Standards, standards, standards... the better improve of unreal is its non-standaring.
You will agree with me that if unreal supports or enchances this feature, will be a better ircd.
Why cannot you break this rule? Is there any special reason for accept US-ASCII as the unique alternative?

Bock

2006-04-19 08:05

reporter   ~0011580

/me send patch to syzop about it. He say, that at 3.3 maybe it be.

Trocotronic

2006-04-20 16:10

reporter   ~0011589

Bock, could you upload your patch, please?
Thank you.

Spider84

2006-05-19 12:10

reporter   ~0011741

ftp://ftp.bynets.org/sources/unreal3.2.4-bynets.diff
this patch add support of different locales in file mode.
You can change locale without server rebuild, just by rehash command.

Bock

2006-05-19 16:16

reporter   ~0011742

yep, this is it.
I hope, that this patch will be in 3.3*.
On our network for 180 days never be bug or crash server with this patch.

Bock

2006-06-05 03:35

reporter   ~0011854

It's clean version of patch to current version cvs (2006-06-05). Fixes trouble for Russian and Belarussian lower/upper issues. Read reame.txt in locale/ for your locale.
PS: It worked on our network (ByNets) since 2006-02 and no bugs/crash not found.

Bock

2006-06-11 09:10

reporter   ~0011944

I added file (Locedit.zip) which conteins GUI editor for locales, patch for current unrealircd (3.2.5-rc3) and directory with locales.
For example you may view to belarussian-w1251 or russian-w1251 files for understanding principle.
Author (Killer{R} - [email protected])) say, that trouble will be (maybe) with multibyte codes (files), but if it be, he may to correct this (chinese for example).
It fixes trouble with namechannels too. Advantage of this patch - add and reload locales file without recompilation and restarting ircd, only rehash.
Since 02.2006 - no errors, crashes, etc.
See you :]

Bock

2006-06-11 12:38

reporter   ~0011945

The fixed version of locedit (supported multibyte too) with sources.

avenger

2006-06-13 08:30

reporter   ~0011950

Note that the patch posted by Spider84 not only adds a support for the locale accents uppercase matching, but add new modules (with other totally unrelated functions), and some ByNets-specific thingies. :)

Bock

2006-06-13 09:23

reporter   ~0011951

2 avenger - yes, it's patch to our network, clean version is listed below. :]

syzop

2006-11-01 07:49

administrator   ~0012540

I've linked a couple of bugids to this one.
Renamed this title to 'Configurable CASEMAPPING (Lower/Uppercase with charsets)', since that's what it is...

What is CASEMAPPING? CASEMAPPING decides which characters "belong to each others", or in other words... which upcase character belong to which lowcase character.
http://www.irc.org/tech_docs/005.html ctrl+f CASEMAPPING
We currently always use 'ascii', which is what everyone is familiar with I guess.

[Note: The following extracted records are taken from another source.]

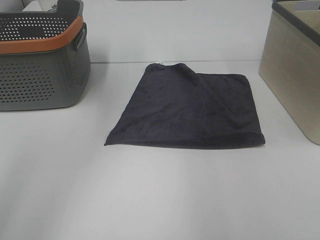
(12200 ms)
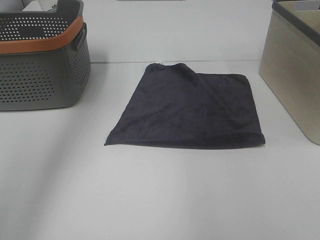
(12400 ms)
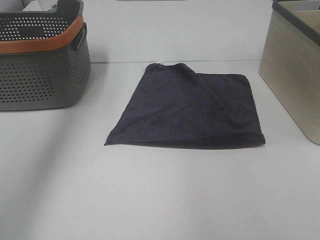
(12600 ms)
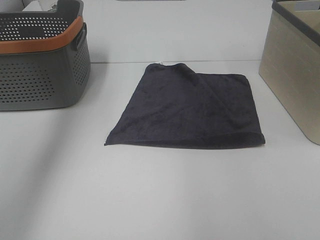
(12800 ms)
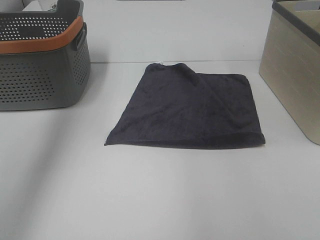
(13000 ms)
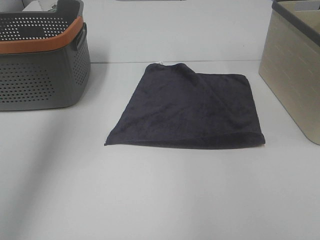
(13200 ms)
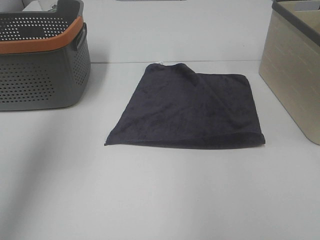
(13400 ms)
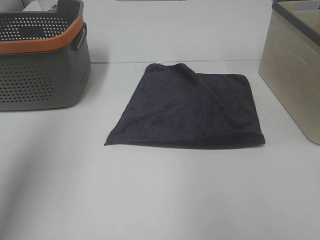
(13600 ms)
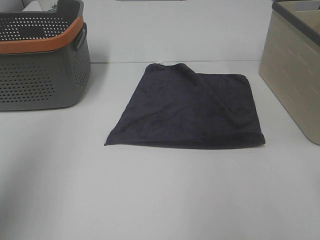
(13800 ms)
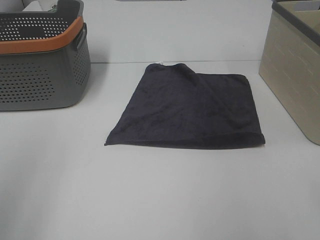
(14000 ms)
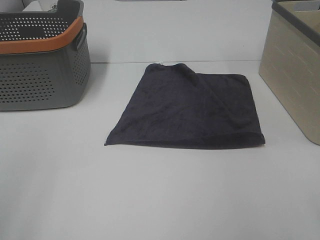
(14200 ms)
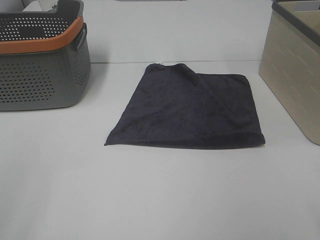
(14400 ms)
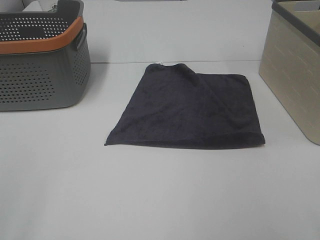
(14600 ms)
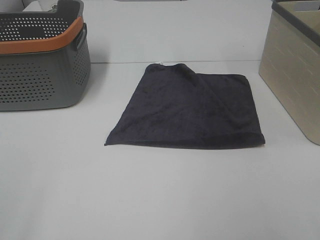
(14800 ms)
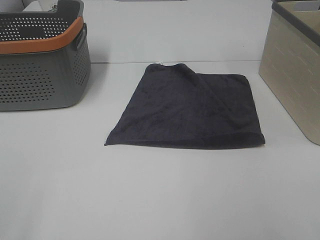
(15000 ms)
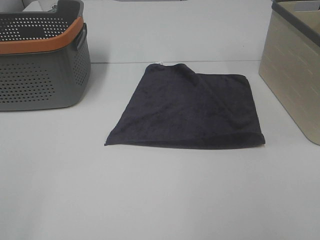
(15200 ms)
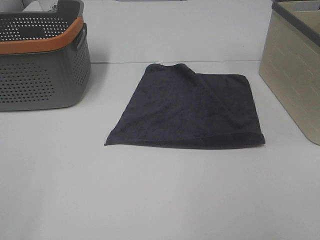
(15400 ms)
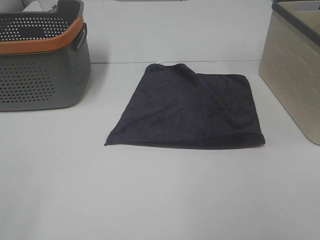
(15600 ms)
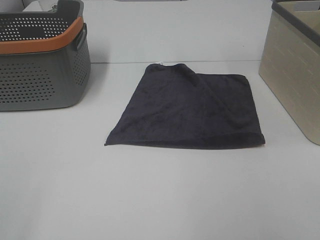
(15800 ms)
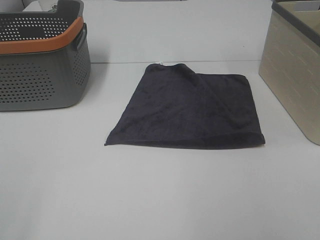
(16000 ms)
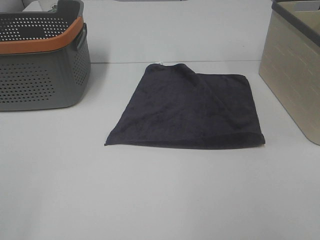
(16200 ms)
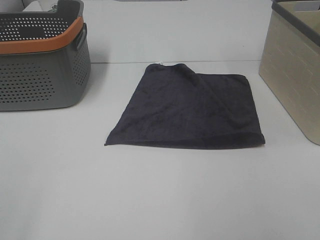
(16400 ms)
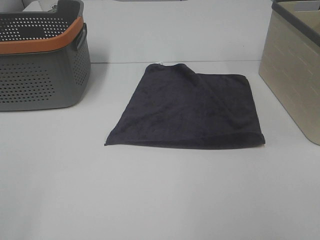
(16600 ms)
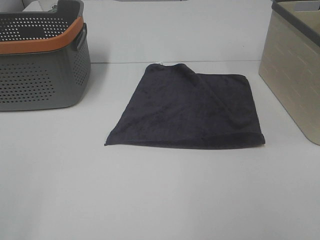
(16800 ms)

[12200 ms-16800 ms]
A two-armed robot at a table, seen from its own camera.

The idea is to make this a configurable option in the conf to set it to an alternative CASEMAPPING. This one will then be used, and will be properly announced in 005 etc.
What are the limitations?
You can only have ONE casemapping configured (eg 'ascii' or 'some-latin1-thingy'. You cannot do casemapping for both a russian charset, an hebrew charset, and some eastern european charset... Why not? Because the same character mean different things in each charset. This is why bug 0002987 was closed, because some people don't seem to understand that.

What IS possible?
It's possible to configure a different CASEMAPPING, for example iso8859-1 (latin1), this will then be used for comparing if things are "the same", such as nicks and channels.
This COULD also be used by something like spamfilter (basically any strcasecmp/stricmp in our code) which can be open to debate whether that's a good idea or bad (I currently don't see how it could be bad, but perhaps someone can tell). I don't know if TRE supports it, but it would make sense if it would.

As for which technique to use, I haven't looked into it. So maybe it could be discussed here... Something like setlocale() seems to make most sense? What are the disadvantages/advantages of each approach?

syzop

2006-11-01 07:56

administrator   ~0012541

When we're at it, it's worth mentioning that in some character sets like russian, some characters like the 'a' will look very similar (or exactly the same) like the latin (western) 'a'. Not sure if something like that could also be resolved, and if we should even bother to do so... Some people argue that should be handled client-side. There have been written various papers on this, see also the discussion 1/2/3 years back when international domain names where introduced.

It's not that differently than 'l' vs 'I', and such things, which look very similar in some fonts like Fixedsys, and I haven't ever heard someone talking about comparing 'l' as if it was equal to 'I' :P. Then again, they still look *similar* and not 100% *equal* :P. Again, is that our problem, or is it the problem of the client / font / etc?

Bock

2006-11-01 11:14

reporter   ~0012546

For my opinion, some letters edentical (for ex. russian: "e, T, P(it's "R" russian), A, B (like "V" russian), O, and etc.etc.etc) and now many fonts not look different for different language (I see only in some *nix system, on windows system - verdana, fixedys, lucida console etc.: no different of language). Some letters in BIG (like B) looks like big letter V (russian), but little - no.
In patch, that I send you, and locedit-fixed.rar - you can create file of locale (now present russian, belorussian, maybe now will be ukranian) with casemappping AND resolving trouble with similar letters. I want to find people from other countries to make files locales.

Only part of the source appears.